Las horas de la decepción

Por Francisco Zúñiga Esquivel

La idea de escalonar los horarios de entrada en las empresas no es nueva, porque si la memoria no nos falla, la propusieron los mismos empresarios hace un buen número de años, cuando las condiciones eran muy diferentes.

Para empezar, no había dos millones de empleos formales, más otro millón de personas que trabajan en el sector informal.

Tampoco había un metro estorbando la vialidad por todos lados, como ahora lo tenemos.

Para empezar.

Sin embargo, la idea no está del todo mal, si la aplican bien.

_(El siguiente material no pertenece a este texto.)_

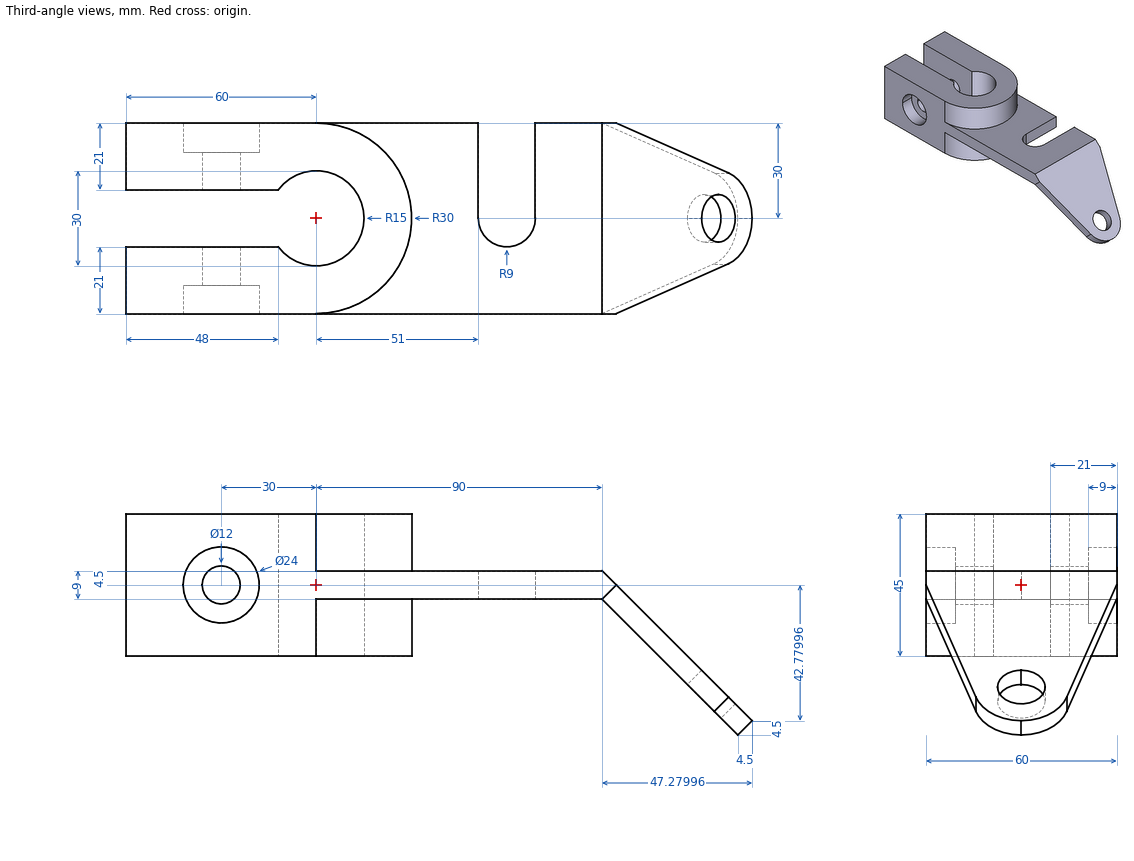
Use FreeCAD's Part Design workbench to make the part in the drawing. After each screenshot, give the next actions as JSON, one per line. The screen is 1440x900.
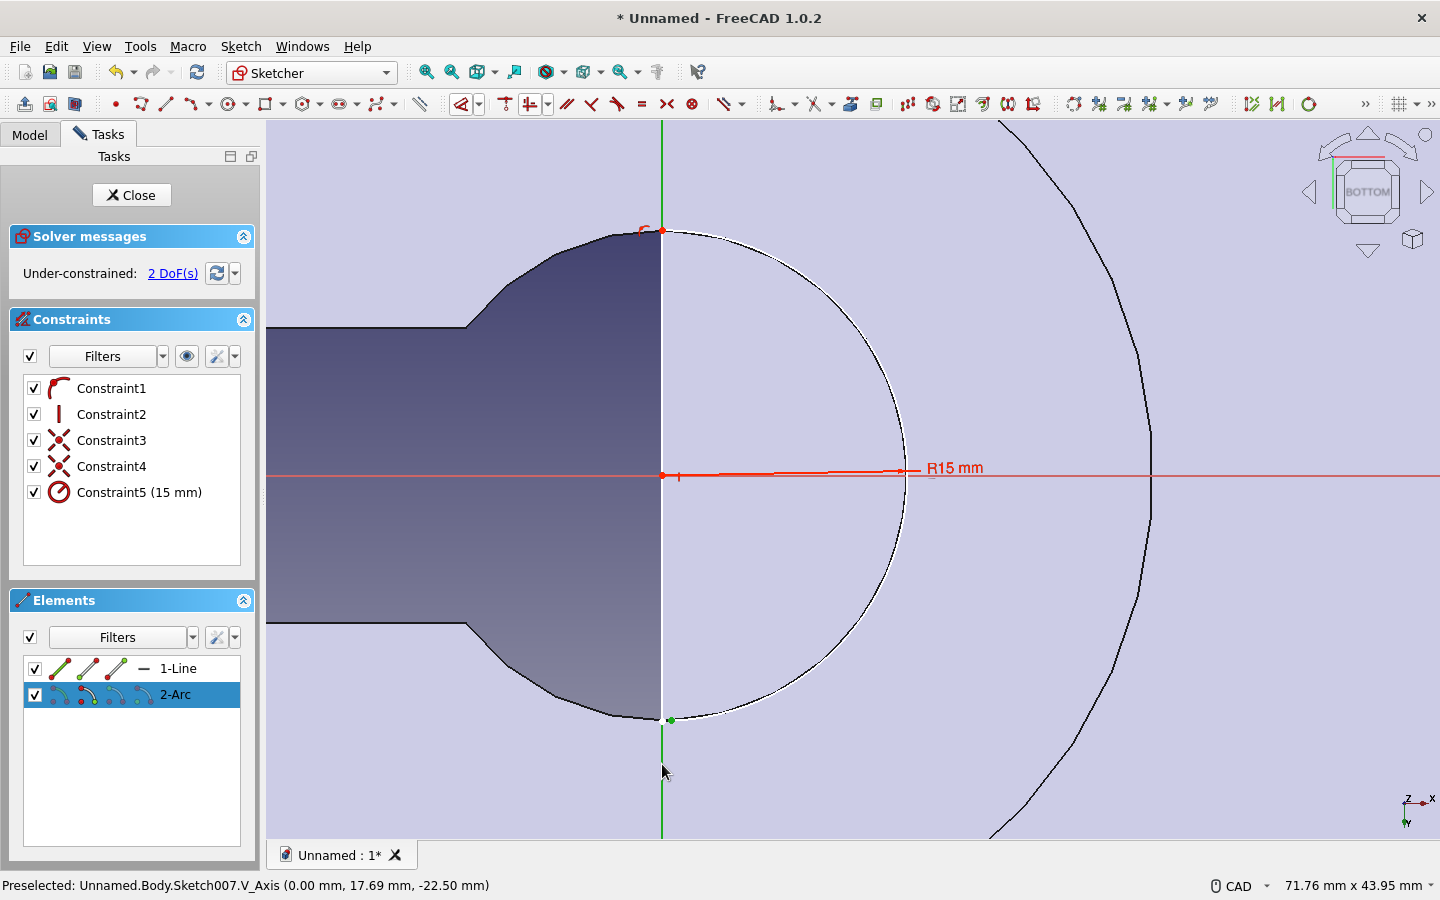
{"action": "left_click", "coordinate": [505, 104]}

Escalonar los horarios apenas media hora de nada servirá, porque los trayectos de los trabajadores, entre sus casas y el centro de empleo, duran dos horas, más si viajan hasta la zona industrial allende al Libramiento Noroeste.

Quizá una logística adecuada funcione.

Pero definitivamente, si no se aumenta el número de unidades, o se reestructuran las rutas, de nada servirá. El sistema actual tiene su esqueleto principal en el Metro, y las diversas líneas de transporte urbano funcionan como alimentadoras de éste.

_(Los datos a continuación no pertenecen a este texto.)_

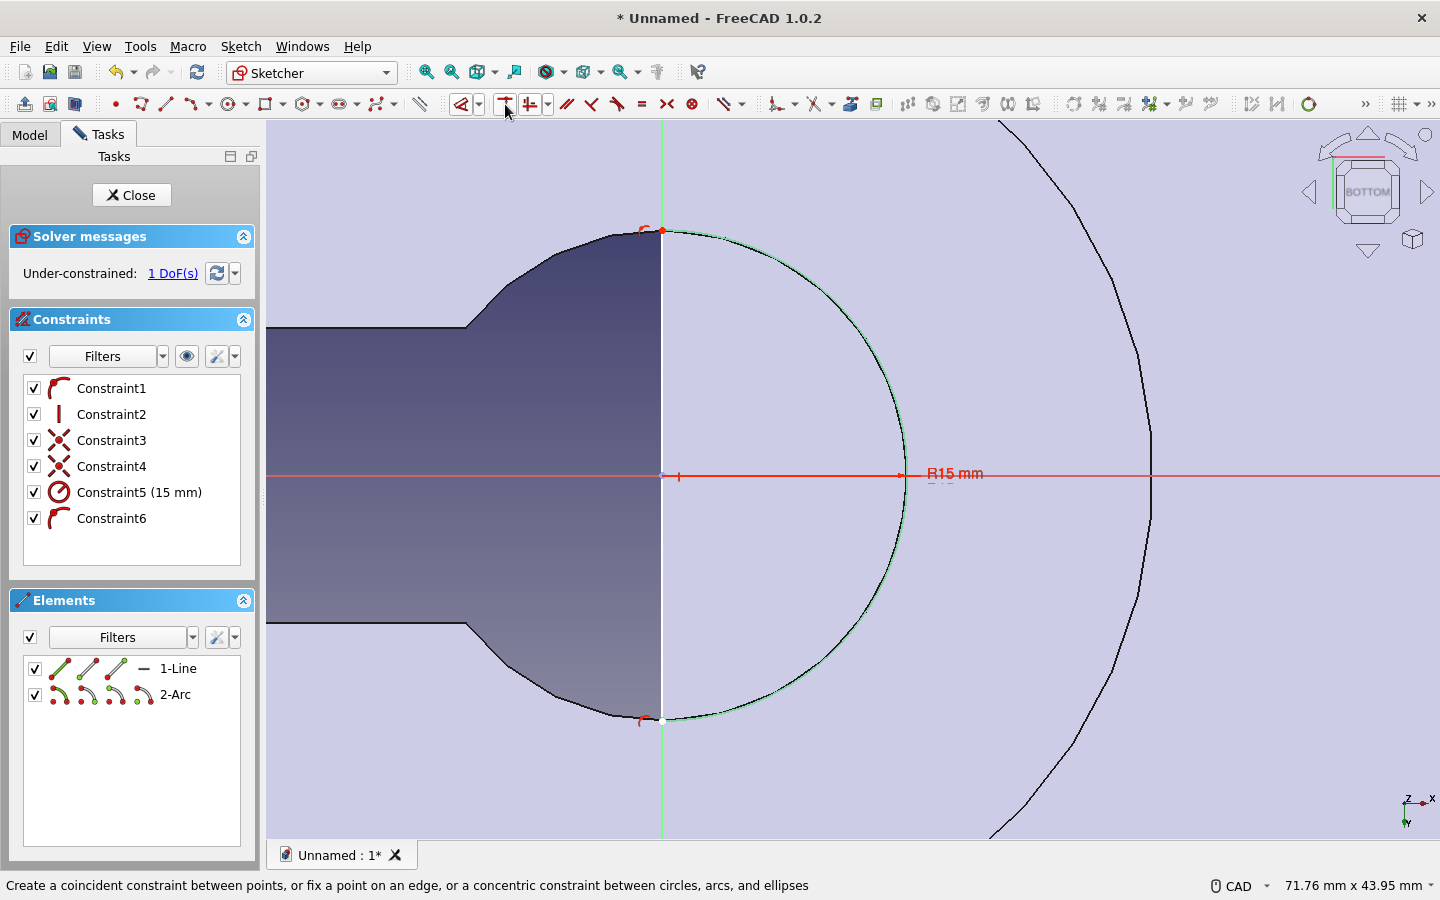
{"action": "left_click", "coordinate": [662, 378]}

Al no existir realmente un Metro con capacidad para mover a todos Monterrey, es difícil que el sistema funcione como relojito suizo de los de antes. Eso sólo en la imaginación de nuestro Señor Gobernador, quien ya decretó que los horarios escalonados son la solución y no se necesita nada más.

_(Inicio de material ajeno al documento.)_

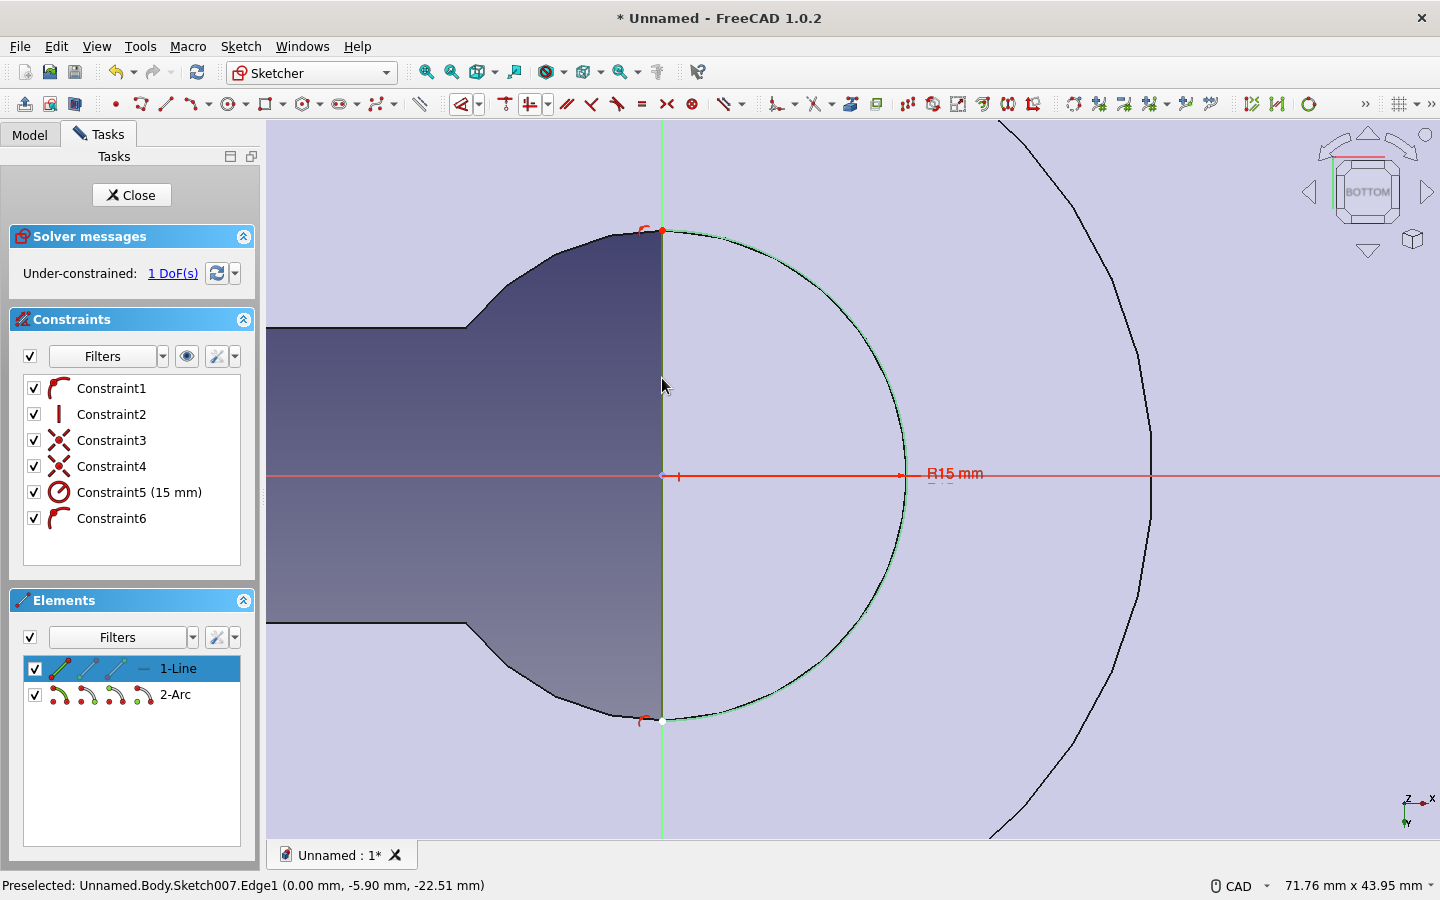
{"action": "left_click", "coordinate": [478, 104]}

Al contrario, se necesita mucho más que obligar a operarios y directivos a entrar a las seis de la mañana.

Olvida Samuel García que si bien los obreros pueden empezar a cualquier hora, pues en muchas empresas no se suspende nunca el flujo de operaciones, la gente de corbata y cuello blanco es distinta. Tiene que regirse bajo horarios convencionales.

Imagínense a todo el personal de una oficina esperando que el resto de las empresas con las cuales intercambia negociaciones empiecen a trabajar. Es decir, de 6 a 9, tomando café y esperando.

Las que exportan, que son muchas, tienen que ajustarse incluso a horarios internacionales. No en la producción, sino en tramites y negociaciones.

Pero démosle el beneficio de la duda al Gobernador. Total, un nuevo fallo en sus ideas, ya no llega a decepción.